# Paper Summary - *Assessing the Local Interpretability of Machine Learning Models* by Slack et. al. (2019)

Slack, D., Friedler, S. A., Roy, C. D., & Scheidegger, C. (2019, January). Assessing the Local
Interpretability of Machine Learning Models. In *NeurIPS Workshop on Human-Centric Machine Learning
(HCML)*.

## Paper Summary

This paper defines a metric to measure the local interpretability of a model - the number of
operations the model requires to make a prediction. The metric is correlated with local
interpretability by measuring the latter with a human-subject study. Users were asked to predict the
output of a model given an input, and predict the output given counterfactual input i.e., slight
modifications of the input. The results show that the operation count metric *is* correlated with
local interpretability, and that decision trees and logistic regression models are more
interpretable than neural networks.

## Methodology

The metric defined to act as a proxy for interpretability is the runtime operation count.
Effectively it is the number of operations a human must carry out in order to simulate a single
prediction the model. This was performed by instrumenting the prediction operation for existing
trained models in Python’s `scikit-learn`

package.

## Experimental Setup

The authors ran a crowdsourced experiment $(N=1000)$ using the Prolific
platform. Participants were asked to predict the output of a model on an input (by replicating the
actual calculations involved), and then asked to predict the output again for a slightly modified
version of the input. Three model types were used - decision trees (DT), logistic regression (LR)
and neural networks (NN). They were trained using `scikit-learn`

. Training details are omitted here.

Users were trained in how to perform these calculations for each model type using a small fill in the blank exercise conducted before the actual prediction task. The models were trained using synthetic data to avoid the effects of domain knowledge on prediction.

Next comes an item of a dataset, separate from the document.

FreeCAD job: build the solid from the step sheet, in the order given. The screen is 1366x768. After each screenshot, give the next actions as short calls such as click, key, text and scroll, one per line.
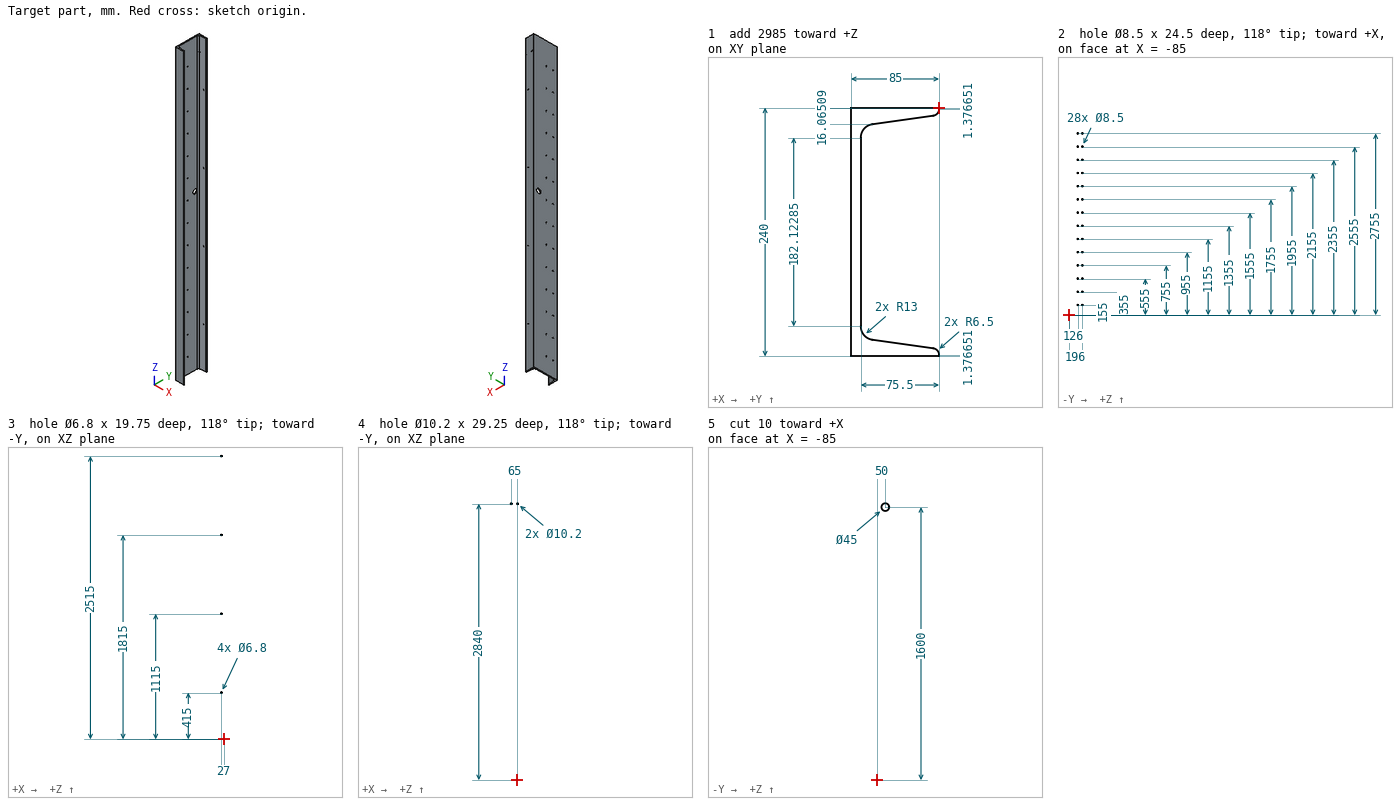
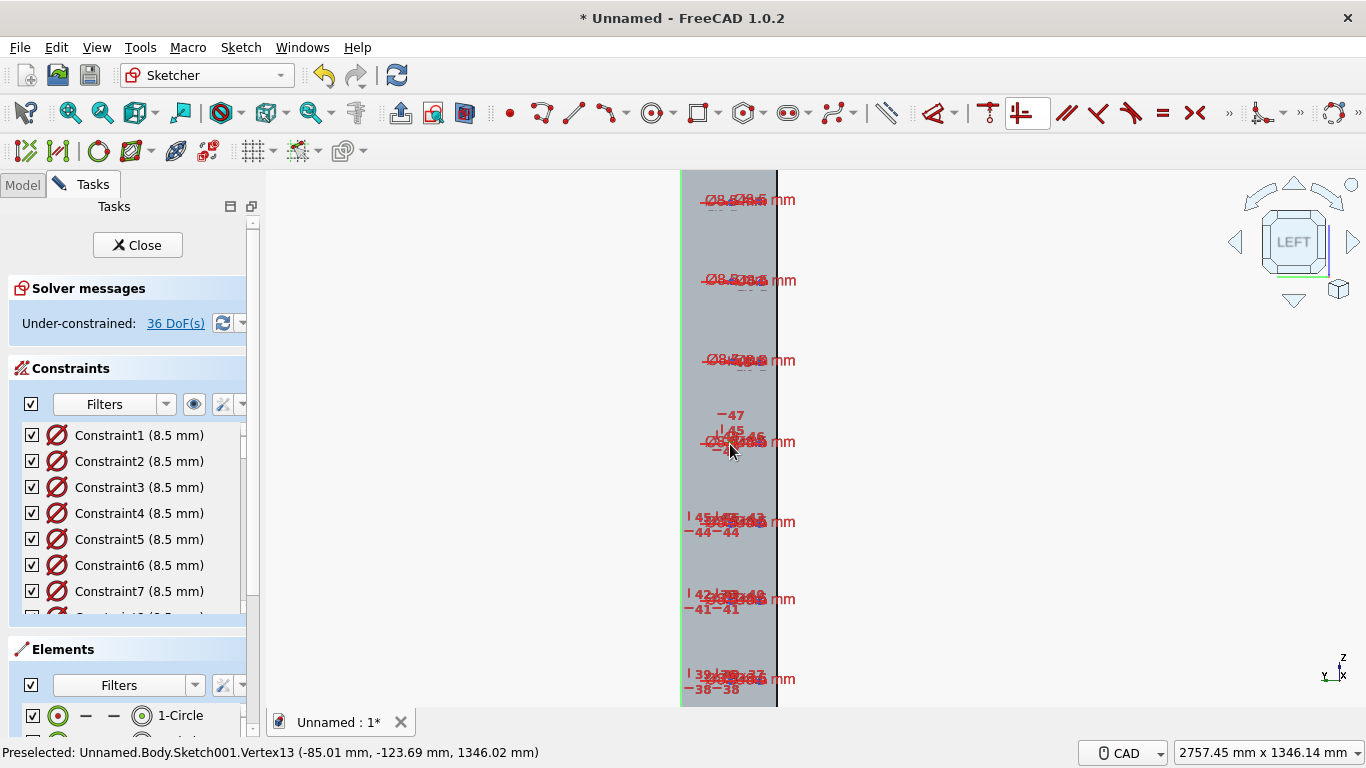
scroll(732, 362, up, 4)

The survey was administered through Qualtrics. Hypotheses for the study were pre-registered on the Open Science Framework.

## Results and Analysis

Based on the number of correct responses for the two tasks of simulation and counterfactual prediction for each of the three models, three hypotheses were made regarding local interpretability of the models - $DT > NN$, $DT > LR$, $LR > NN$. p-values and confidence intervals were calculated for each using Fisher’s Exact Test.

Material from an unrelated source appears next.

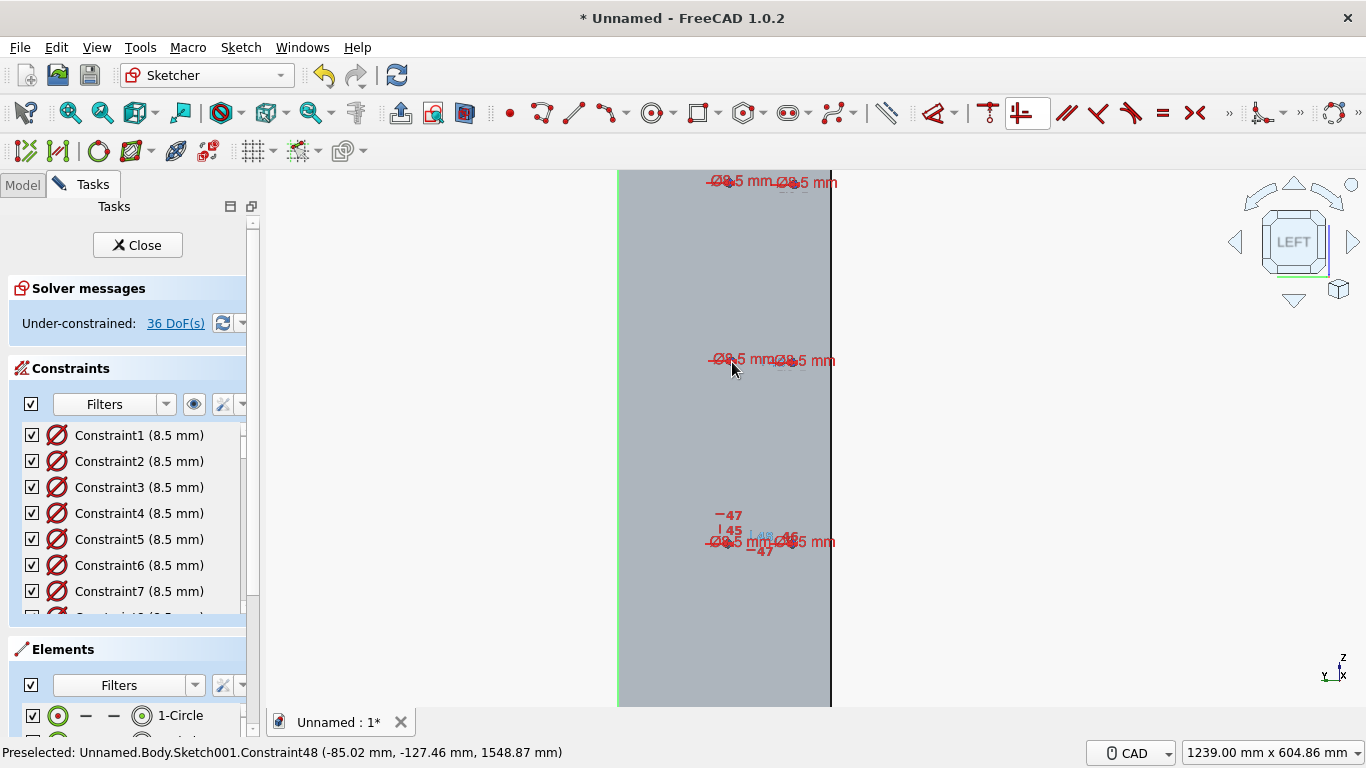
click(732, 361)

The Fisher Exact Test gives exact p-values for $2 \times 2$ contingency tables, where samples from
$2$ different treatments can be classified in $2$ different ways. In the case of this paper, an
input from $2$ different models is classified into correct or incorrect based on the user’s
response. Fisher’s Exact Test then tells us how *likely* the particular assignment of values to each
cell are, with the null hypothesis being independence of all categories. It is a special case of the
chi-squared test but works for all sample sizes.

The results show that decision trees are more simulatable and “what-if” locally explainable than logistic regression or neural network models. However, the results did not find evidence for logistic regression to be more locally interpretable than neural network models.

Visual comparison of the plots of accuracy vs. operation count across all three tasks
(simulatability, “what-if” local explainability and local interpretability, the last of which simply
measures how many users got both of the previous tasks right), shows that they *are* correlated.
Also graphed was the time taken vs. the operation count, and the accuracy vs. the time taken.

## Discussion

The authors point out how this metric may be used to assess the interpretability of a model without a user study.

## Impressions

This is a neat paper which attempt to quantitatively validate a hypothesis that most people would lend credence to being true. Operation count is of course a very crude way to approximate interpretability, and is absolutely unfeasible for the mammoth network sizes that power today’s models. The paper also doesn’t attempt to answer questions regarding interpretability for different models with similar operation counts. Is a large decision tree equally as interpretable as a small neural network? The graphs seem to show that the mean operation counts across the three model types are significantly different. I would have liked to see how interpretability is affected when the operation counts for different model types are similar.

I also question whether brute calculation of the model to produce outputs is how most people would
try to interpret a model. One can probably build some intuition from the feature weights and
response curves to be able to make accurate predictions for the smaller model types *without* having
to actually simulate the prediction function on paper. Nevertheless, it is a simple and good enough
lower bound to start asking questions about interpretability.